BRIEF
In the records below, find the line containing "Give one 3D" and return it together with every later line, exactly as written; pictures are to be omitted.
··· DATA EXTRACTS
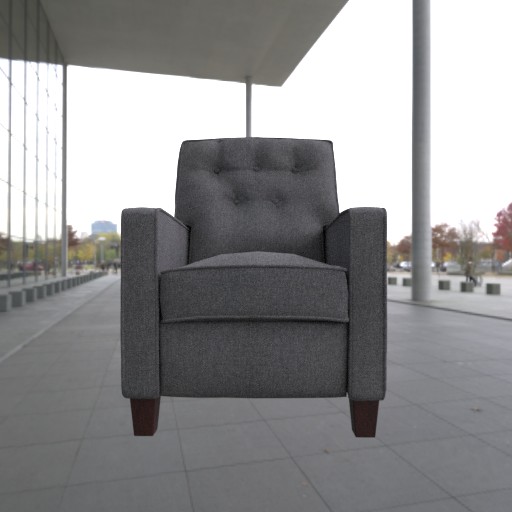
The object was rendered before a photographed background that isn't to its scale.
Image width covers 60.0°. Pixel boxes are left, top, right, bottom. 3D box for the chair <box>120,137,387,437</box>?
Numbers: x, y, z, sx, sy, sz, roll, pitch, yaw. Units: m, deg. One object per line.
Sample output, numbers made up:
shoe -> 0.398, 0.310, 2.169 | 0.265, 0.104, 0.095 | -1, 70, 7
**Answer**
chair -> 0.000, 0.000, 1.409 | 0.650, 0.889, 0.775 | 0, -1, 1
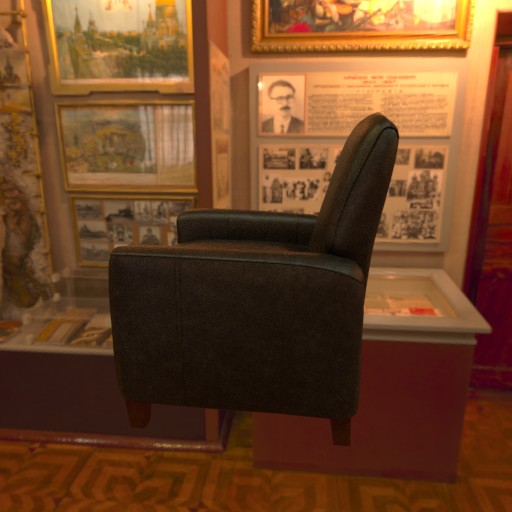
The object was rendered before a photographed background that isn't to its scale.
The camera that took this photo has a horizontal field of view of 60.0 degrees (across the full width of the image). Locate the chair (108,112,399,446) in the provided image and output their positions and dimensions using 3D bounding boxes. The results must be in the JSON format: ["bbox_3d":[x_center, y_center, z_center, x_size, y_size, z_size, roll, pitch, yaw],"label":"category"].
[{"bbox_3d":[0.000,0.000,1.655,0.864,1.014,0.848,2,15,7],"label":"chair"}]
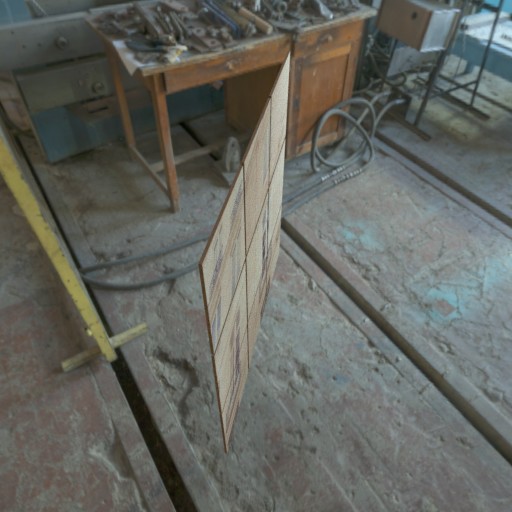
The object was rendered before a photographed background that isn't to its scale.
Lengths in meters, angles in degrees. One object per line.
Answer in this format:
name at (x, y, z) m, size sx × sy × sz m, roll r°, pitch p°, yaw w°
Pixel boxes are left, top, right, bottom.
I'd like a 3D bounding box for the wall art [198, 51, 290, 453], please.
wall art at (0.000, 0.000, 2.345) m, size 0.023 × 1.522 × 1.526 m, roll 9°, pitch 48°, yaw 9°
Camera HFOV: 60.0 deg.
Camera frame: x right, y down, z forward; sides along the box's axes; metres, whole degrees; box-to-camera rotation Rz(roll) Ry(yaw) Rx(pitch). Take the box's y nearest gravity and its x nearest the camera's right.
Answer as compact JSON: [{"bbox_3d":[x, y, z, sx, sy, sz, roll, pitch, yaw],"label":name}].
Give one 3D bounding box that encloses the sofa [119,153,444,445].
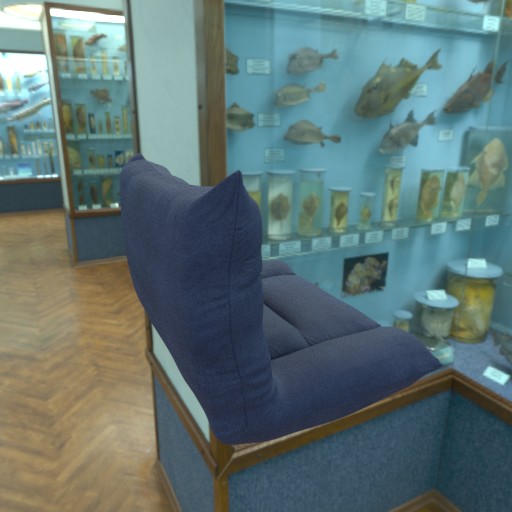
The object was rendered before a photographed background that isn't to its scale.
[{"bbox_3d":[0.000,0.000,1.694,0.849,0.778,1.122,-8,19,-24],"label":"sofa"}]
······
RESPONSE TO THIS EXERCISE
Give one 3D bounding box that encloses the sofa [119,153,444,445].
The object was rendered before a photographed background that isn't to its scale.
[{"bbox_3d":[0.000,0.000,1.694,0.849,0.778,1.122,-8,19,-24],"label":"sofa"}]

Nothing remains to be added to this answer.